Justin Timberlake is rebranding as a white man, according to somebody in something called The Outline:

A powerline stretches across a backdrop of golden fields. A stem of grain cuts through the sun shining in an empty forest. Justin Timberlake is cold and alone in the woods, staring at something we can’t see. Now he is kneeling in a snowy field, lost in thought and then a second later arms stretched up toward the heavens. Now he is walking fully-clothed through a quiet stream. He is gazing out at some snowy mountains. Next he is on a cliff gazing out over an autumnal wilderness scene. Something is weighing on Justin Timberlake’s mind, but what could it be?

We don’t know yet, but what we do know is Justin Timberlake is now very deep. The trailer for Timberlake’s new album Man of the Woods presents the former NSYNC heartthrob looking pensive in various natural settings, hitting every note of the “white man finding himself in the empty West” trope that has long been part of America’s romantic fictional past (and Levi’s commercials). In case the shots of Timberlake running through empty fields that cut to a shot of a band of horses running through snowy mountains aren’t enough, his wife Jessica Biel and his producer Pharrell are there to hammer the point home in a voiceover. “It feels like mountains, trees, campfires, like Wild West, but now,” says Biel. “It just feels so earthy,” says Pharrell shortly before a black and white shot of him in a studio pronouncing something, presumably a song from the album, as “a smash.

Here’s the video


Well it’s certainly chock full of implicit white concepts, which the Outline lists in order of offense. Objectively, the imagery of the stage show and the outdoors co-exist clumsily. Nothing evokes a wheat field less than a lit stage, and vice versa.

Timberlake is from Tennessee, and has always been appropriating an urban aesthetic. White stars have resorted to country and whiter genres later in their career in the past, after having appropriated an urban aesthetic in a fashion to which conventional culture is increasingly hostile. Timberlake might be one of the last of a type: the white performer of black popular music. Timberlake’s career pivot can also be seen as bailing out of an increasingly untenable persona, politically and socially.

Appropriation will eventually be stamped out. But branding as a white person isn’t really allowed either. As the Outline article ends, Timberlake will “…only have to live with himself for pandering to a whiter America.”
Pandering to a more chromatic America will be greatly restricted for whites–who will, in all likelihood, become less interesting to diverse American audiences, though I expect white characters will retain a certain interest despite it all because, when it’s all said and done, whites are frankly more interesting than the vibrant.

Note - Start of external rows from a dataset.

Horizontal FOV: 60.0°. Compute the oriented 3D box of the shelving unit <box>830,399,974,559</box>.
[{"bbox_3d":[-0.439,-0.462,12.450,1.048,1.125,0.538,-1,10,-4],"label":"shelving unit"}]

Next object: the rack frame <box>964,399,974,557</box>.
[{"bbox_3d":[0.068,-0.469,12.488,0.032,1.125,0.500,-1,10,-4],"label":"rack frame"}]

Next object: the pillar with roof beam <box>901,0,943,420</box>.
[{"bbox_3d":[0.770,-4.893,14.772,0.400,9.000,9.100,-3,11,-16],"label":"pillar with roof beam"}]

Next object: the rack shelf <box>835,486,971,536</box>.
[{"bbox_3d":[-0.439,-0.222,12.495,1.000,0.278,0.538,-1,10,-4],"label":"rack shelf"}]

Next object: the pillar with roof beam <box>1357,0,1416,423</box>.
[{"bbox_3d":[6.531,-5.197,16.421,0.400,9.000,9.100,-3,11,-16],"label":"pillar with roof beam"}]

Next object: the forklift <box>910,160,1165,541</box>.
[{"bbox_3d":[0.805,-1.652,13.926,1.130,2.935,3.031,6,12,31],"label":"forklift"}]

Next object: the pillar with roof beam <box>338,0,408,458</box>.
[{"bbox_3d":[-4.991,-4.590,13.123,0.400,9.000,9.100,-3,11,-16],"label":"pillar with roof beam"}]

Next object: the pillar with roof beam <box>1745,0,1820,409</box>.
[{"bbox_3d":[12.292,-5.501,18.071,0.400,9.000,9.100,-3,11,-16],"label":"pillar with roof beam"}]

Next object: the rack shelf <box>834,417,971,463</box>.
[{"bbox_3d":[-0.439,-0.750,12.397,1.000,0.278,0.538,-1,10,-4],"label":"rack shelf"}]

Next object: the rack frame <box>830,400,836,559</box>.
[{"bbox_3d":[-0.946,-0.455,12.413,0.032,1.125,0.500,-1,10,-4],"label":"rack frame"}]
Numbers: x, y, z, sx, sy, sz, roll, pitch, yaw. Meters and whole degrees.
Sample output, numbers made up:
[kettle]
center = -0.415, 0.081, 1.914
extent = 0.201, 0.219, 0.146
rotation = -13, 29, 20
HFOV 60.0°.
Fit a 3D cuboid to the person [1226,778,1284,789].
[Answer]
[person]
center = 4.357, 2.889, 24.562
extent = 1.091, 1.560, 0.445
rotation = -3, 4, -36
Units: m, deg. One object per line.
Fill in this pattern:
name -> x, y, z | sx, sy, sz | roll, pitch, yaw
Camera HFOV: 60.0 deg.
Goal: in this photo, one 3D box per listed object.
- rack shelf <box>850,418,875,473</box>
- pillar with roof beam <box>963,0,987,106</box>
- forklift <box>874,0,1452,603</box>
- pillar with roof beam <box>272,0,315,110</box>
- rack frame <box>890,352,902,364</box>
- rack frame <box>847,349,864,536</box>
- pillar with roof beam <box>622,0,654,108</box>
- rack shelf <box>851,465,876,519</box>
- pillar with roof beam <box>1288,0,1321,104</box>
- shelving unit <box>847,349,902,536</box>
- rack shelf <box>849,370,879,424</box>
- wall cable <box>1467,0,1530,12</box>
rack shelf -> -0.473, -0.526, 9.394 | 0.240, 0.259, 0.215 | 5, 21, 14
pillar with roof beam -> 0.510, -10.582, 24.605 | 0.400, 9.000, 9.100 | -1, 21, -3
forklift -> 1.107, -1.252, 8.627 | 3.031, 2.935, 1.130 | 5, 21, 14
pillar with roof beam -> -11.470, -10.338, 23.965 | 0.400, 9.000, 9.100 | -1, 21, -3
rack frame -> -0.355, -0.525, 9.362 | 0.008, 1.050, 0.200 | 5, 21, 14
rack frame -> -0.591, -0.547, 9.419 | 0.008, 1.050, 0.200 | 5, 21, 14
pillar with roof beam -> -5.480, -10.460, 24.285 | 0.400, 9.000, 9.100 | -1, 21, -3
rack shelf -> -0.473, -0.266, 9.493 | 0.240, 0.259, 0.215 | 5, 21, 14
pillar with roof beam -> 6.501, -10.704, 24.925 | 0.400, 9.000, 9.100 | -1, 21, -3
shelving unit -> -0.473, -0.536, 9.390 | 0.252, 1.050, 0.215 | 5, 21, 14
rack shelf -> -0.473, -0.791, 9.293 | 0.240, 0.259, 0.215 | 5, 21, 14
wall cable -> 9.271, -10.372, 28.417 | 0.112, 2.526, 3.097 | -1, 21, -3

I think of us as being in the appropriation phase of civil rights, where the seizure of material and cultural wealth is systematized (and blurred–barring white men from Star Wars or whatever is both). There are aspects to it. There’s the campaign for “inclusion” such as forcing diversity on such as Star Wars. There’s also a regulatory function developing. From Slate via Steve Sailer:

How “sensitivity readers” are changing the publishing ecosystem—and raising new questions about what makes a great book.
By Katy Waldman
… When she began to craft her second novel, The Upside of Unrequited, about twin sisters navigating the shoals of high school romance, she was determined not to make the same mistake. And so before her manuscript went to print, she reached out to a group of “sensitivity readers.” These advising angels—part fact-checkers, part cultural ambassadors—are new additions to the book publishing ecosystem. Either hired by individual authors or by publishing houses, sensitivity readers are members of a minority group tasked specifically with examining manuscripts for hurtful, inaccurate, or inappropriate depictions of that group.

The monetization of such regulatory functions is a promising growth industry within the civil rights racket. As Sailer says of his “voluntary auxiliary thought police”–who’ve been at it a while–they increasingly want to “go pro”. The lack of real and meaningful work out there and the likely chaotic nature of the average volunteer thought cop must only magnify their desire.
Interesting times ahead.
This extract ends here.